Tuve la ocasión de regresar a Teruel para celebrar una boda y una Primera Comunión. Pero, en pleno Valencia, un camión chafó la parte trasera izquierda del coche, llegando a la ciudad de los amantes como mejor pude. La reparación me costó 850 pesetas. El chófer del camión, que se había echado a su derecha sin haberme visto, se quedó maravillado de que no se lo recriminara ni le tomara nota de la matrícula. Y es que el tiempo lo llevaba justo para llegar a Teruel.

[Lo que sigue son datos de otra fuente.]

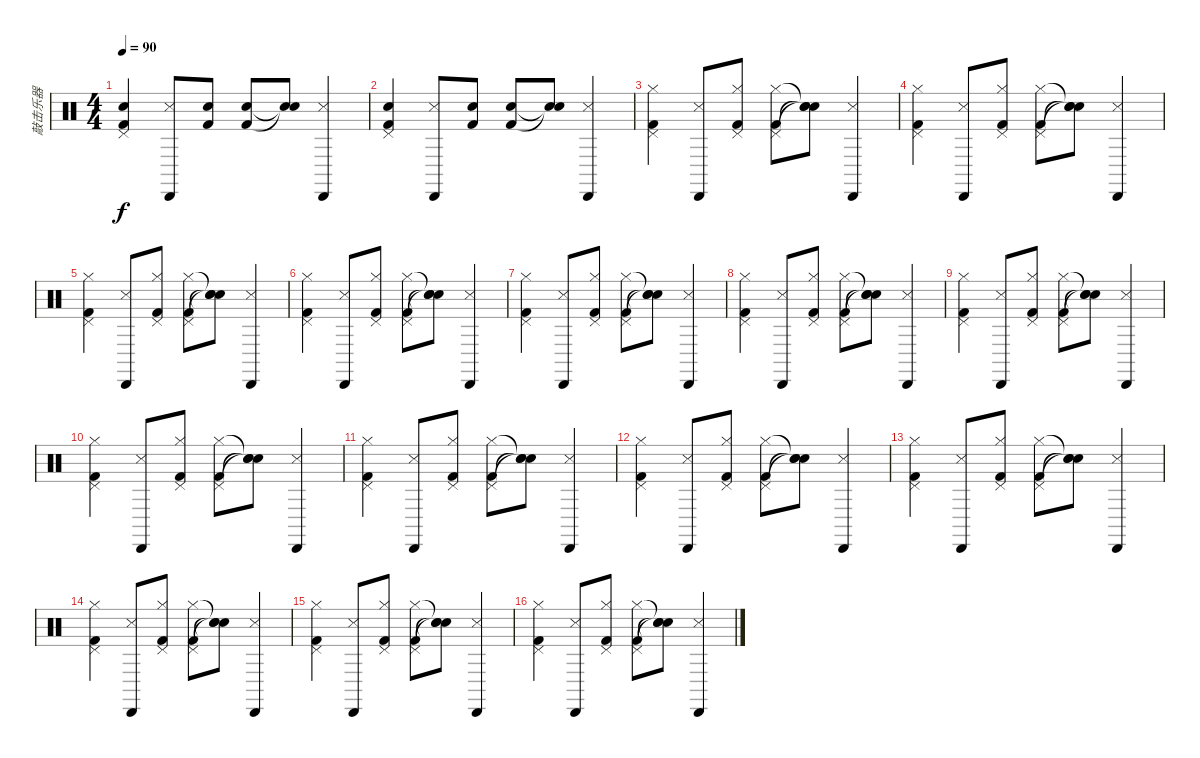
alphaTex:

\track ("敲击乐器" "敲击乐器") {instrument percussion}
\staff {score}
\articulation defaults
\ts (4 4)
\tempo 90
\clef neutral
\ks c
("Snare (hit) 2" "Pedal Hi-Hat (hit)" "Kick (hit) 2").4{dy f} ("Snare (side stick) 3" "Cabasa (hit)").8 ("Snare (hit) 2" "Kick (hit) 2").8 ("Snare (hit) 2" "Kick (hit) 2").8 ("Snare (hit)"{t} "Snare (hit)"{t}).8 ("Snare (side stick) 3" "Cabasa (hit)").4 |
("Snare (hit) 2" "Pedal Hi-Hat (hit)" "Kick (hit) 2").4 ("Snare (side stick) 3" "Cabasa (hit)").8 ("Snare (hit) 2" "Kick (hit) 2").8 ("Snare (hit) 2" "Kick (hit) 2").8 ("Snare (hit)"{t} "Snare (hit)"{t}).8 ("Snare (side stick) 3" "Cabasa (hit)").4 |
("Hi-Hat (closed)" "Pedal Hi-Hat (hit)" "Kick (hit) 2").4 ("Snare (side stick) 3" "Cabasa (hit)").8 ("Hi-Hat (closed)" "Pedal Hi-Hat (hit)" "Kick (hit) 2").8 ("Hi-Hat (closed)" "Pedal Hi-Hat (hit)" "Kick (hit) 2").8 ("Snare (hit)"{t} "Snare (hit)"{t} "Snare (hit)"{t}).8 ("Snare (side stick) 3" "Cabasa (hit)").4 |
("Hi-Hat (closed)" "Pedal Hi-Hat (hit)" "Kick (hit) 2").4 ("Snare (side stick) 3" "Cabasa (hit)").8 ("Hi-Hat (closed)" "Pedal Hi-Hat (hit)" "Kick (hit) 2").8 ("Hi-Hat (closed)" "Pedal Hi-Hat (hit)" "Kick (hit) 2").8 ("Snare (hit)"{t} "Snare (hit)"{t} "Snare (hit)"{t}).8 ("Snare (side stick) 3" "Cabasa (hit)").4 |
("Hi-Hat (closed)" "Pedal Hi-Hat (hit)" "Kick (hit) 2").4 ("Snare (side stick) 3" "Cabasa (hit)").8 ("Hi-Hat (closed)" "Pedal Hi-Hat (hit)" "Kick (hit) 2").8 ("Hi-Hat (closed)" "Pedal Hi-Hat (hit)" "Kick (hit) 2").8 ("Snare (hit)"{t} "Snare (hit)"{t} "Snare (hit)"{t}).8 ("Snare (side stick) 3" "Cabasa (hit)").4 |
("Hi-Hat (closed)" "Pedal Hi-Hat (hit)" "Kick (hit) 2").4 ("Snare (side stick) 3" "Cabasa (hit)").8 ("Hi-Hat (closed)" "Pedal Hi-Hat (hit)" "Kick (hit) 2").8 ("Hi-Hat (closed)" "Pedal Hi-Hat (hit)" "Kick (hit) 2").8 ("Snare (hit)"{t} "Snare (hit)"{t} "Snare (hit)"{t}).8 ("Snare (side stick) 3" "Cabasa (hit)").4 |
("Hi-Hat (closed)" "Pedal Hi-Hat (hit)" "Kick (hit) 2").4 ("Snare (side stick) 3" "Cabasa (hit)").8 ("Hi-Hat (closed)" "Pedal Hi-Hat (hit)" "Kick (hit) 2").8 ("Hi-Hat (closed)" "Pedal Hi-Hat (hit)" "Kick (hit) 2").8 ("Snare (hit)"{t} "Snare (hit)"{t} "Snare (hit)"{t}).8 ("Snare (side stick) 3" "Cabasa (hit)").4 |
("Hi-Hat (closed)" "Pedal Hi-Hat (hit)" "Kick (hit) 2").4 ("Snare (side stick) 3" "Cabasa (hit)").8 ("Hi-Hat (closed)" "Pedal Hi-Hat (hit)" "Kick (hit) 2").8 ("Hi-Hat (closed)" "Pedal Hi-Hat (hit)" "Kick (hit) 2").8 ("Snare (hit)"{t} "Snare (hit)"{t} "Snare (hit)"{t}).8 ("Snare (side stick) 3" "Cabasa (hit)").4 |
("Hi-Hat (closed)" "Pedal Hi-Hat (hit)" "Kick (hit) 2").4 ("Snare (side stick) 3" "Cabasa (hit)").8 ("Hi-Hat (closed)" "Pedal Hi-Hat (hit)" "Kick (hit) 2").8 ("Hi-Hat (closed)" "Pedal Hi-Hat (hit)" "Kick (hit) 2").8 ("Snare (hit)"{t} "Snare (hit)"{t} "Snare (hit)"{t}).8 ("Snare (side stick) 3" "Cabasa (hit)").4 |
("Hi-Hat (closed)" "Pedal Hi-Hat (hit)" "Kick (hit) 2").4 ("Snare (side stick) 3" "Cabasa (hit)").8 ("Hi-Hat (closed)" "Pedal Hi-Hat (hit)" "Kick (hit) 2").8 ("Hi-Hat (closed)" "Pedal Hi-Hat (hit)" "Kick (hit) 2").8 ("Snare (hit)"{t} "Snare (hit)"{t} "Snare (hit)"{t}).8 ("Snare (side stick) 3" "Cabasa (hit)").4 |
("Hi-Hat (closed)" "Pedal Hi-Hat (hit)" "Kick (hit) 2").4 ("Snare (side stick) 3" "Cabasa (hit)").8 ("Hi-Hat (closed)" "Pedal Hi-Hat (hit)" "Kick (hit) 2").8 ("Hi-Hat (closed)" "Pedal Hi-Hat (hit)" "Kick (hit) 2").8 ("Snare (hit)"{t} "Snare (hit)"{t} "Snare (hit)"{t}).8 ("Snare (side stick) 3" "Cabasa (hit)").4 |
("Hi-Hat (closed)" "Pedal Hi-Hat (hit)" "Kick (hit) 2").4 ("Snare (side stick) 3" "Cabasa (hit)").8 ("Hi-Hat (closed)" "Pedal Hi-Hat (hit)" "Kick (hit) 2").8 ("Hi-Hat (closed)" "Pedal Hi-Hat (hit)" "Kick (hit) 2").8 ("Snare (hit)"{t} "Snare (hit)"{t} "Snare (hit)"{t}).8 ("Snare (side stick) 3" "Cabasa (hit)").4 |
("Hi-Hat (closed)" "Pedal Hi-Hat (hit)" "Kick (hit) 2").4 ("Snare (side stick) 3" "Cabasa (hit)").8 ("Hi-Hat (closed)" "Pedal Hi-Hat (hit)" "Kick (hit) 2").8 ("Hi-Hat (closed)" "Pedal Hi-Hat (hit)" "Kick (hit) 2").8 ("Snare (hit)"{t} "Snare (hit)"{t} "Snare (hit)"{t}).8 ("Snare (side stick) 3" "Cabasa (hit)").4 |
("Hi-Hat (closed)" "Pedal Hi-Hat (hit)" "Kick (hit) 2").4 ("Snare (side stick) 3" "Cabasa (hit)").8 ("Hi-Hat (closed)" "Pedal Hi-Hat (hit)" "Kick (hit) 2").8 ("Hi-Hat (closed)" "Pedal Hi-Hat (hit)" "Kick (hit) 2").8 ("Snare (hit)"{t} "Snare (hit)"{t} "Snare (hit)"{t}).8 ("Snare (side stick) 3" "Cabasa (hit)").4 |
("Hi-Hat (closed)" "Pedal Hi-Hat (hit)" "Kick (hit) 2").4 ("Snare (side stick) 3" "Cabasa (hit)").8 ("Hi-Hat (closed)" "Pedal Hi-Hat (hit)" "Kick (hit) 2").8 ("Hi-Hat (closed)" "Pedal Hi-Hat (hit)" "Kick (hit) 2").8 ("Snare (hit)"{t} "Snare (hit)"{t} "Snare (hit)"{t}).8 ("Snare (side stick) 3" "Cabasa (hit)").4 |
("Hi-Hat (closed)" "Pedal Hi-Hat (hit)" "Kick (hit) 2").4 ("Snare (side stick) 3" "Cabasa (hit)").8 ("Hi-Hat (closed)" "Pedal Hi-Hat (hit)" "Kick (hit) 2").8 ("Hi-Hat (closed)" "Pedal Hi-Hat (hit)" "Kick (hit) 2").8 ("Snare (hit)"{t} "Snare (hit)"{t} "Snare (hit)"{t}).8 ("Snare (side stick) 3" "Cabasa (hit)").4

Acompañando a dos religiosos de mi comunidad, pasé una semana de retiro en Javea (Alicante), en el monasterio de frailes jerónimos, situado a las afueras. Era un edificio nuevo que albergaba, entonces, a siete monjes. En el dintel de la puerta de la celda ponía San Julián. La ventana daba al patio central en el que había un Crucifijo de piedra y un aljibe. La habitación era sencilla y cómoda: cama, mesilla y lavabo. Sobre la cabecera de la cama una cruz pequeña, sin Cristo. Como llegué resfriado, un monje me llevó el desayuno a la celda, pero cada día nos levantábamos a las 6 de la mañana. La comida, buena y simple, la teníamos a las 13´45, y la cena a las 20´45. Con esos monjes compartimos, igualmente, el rezo, la Misa y las conversaciones. Y el Prior me enseñó una plegaria a la Virgen, del maestro Aragüés, titulada Bajo tu amparo. 
Octubre, sin embargo, fue mi mes más viajero. Recorrí pueblos, colegios y conventos hablando del seguimiento a Jesucristo. Eso es lo que me preocupaba y eso es lo que me sigue preocupando: el seguimiento a Jesucristo. Esto es lo que da sentido a mi vida. Hasta final de año, esa actividad misionera fue constante. Cuando volvía a Hellín, mi descanso consistía en la escucha de música clásica y en hablar con los compañeros de comunidad. 
Cuando viajaba, si iba solo, no tenía ningún inconveniente en subir al coche a los que hacían autostop. Hay que tener en cuenta que, entonces, se usaba mucho ese sistema, y yo mismo lo utilicé muchas veces. Desgraciadamente, esa forma de viajar se ha ido perdiendo, pues la gente vive un clima de desconfianza generalizada, debido a desgracias ocurridas con tal motivo. Aparte de que, hoy, casi todo el mundo tiene coche. Tanto viajar no estaba exento de algún percance, como la colisión en cadena producida en la carretera de Alcantarilla a Murcia, aunque sin riesgo notable ni para el vehículo ni para mí. Con el pasar de los años fui comprendiendo que los grandes riesgos y problemas no son, precisamente, los de la carretera.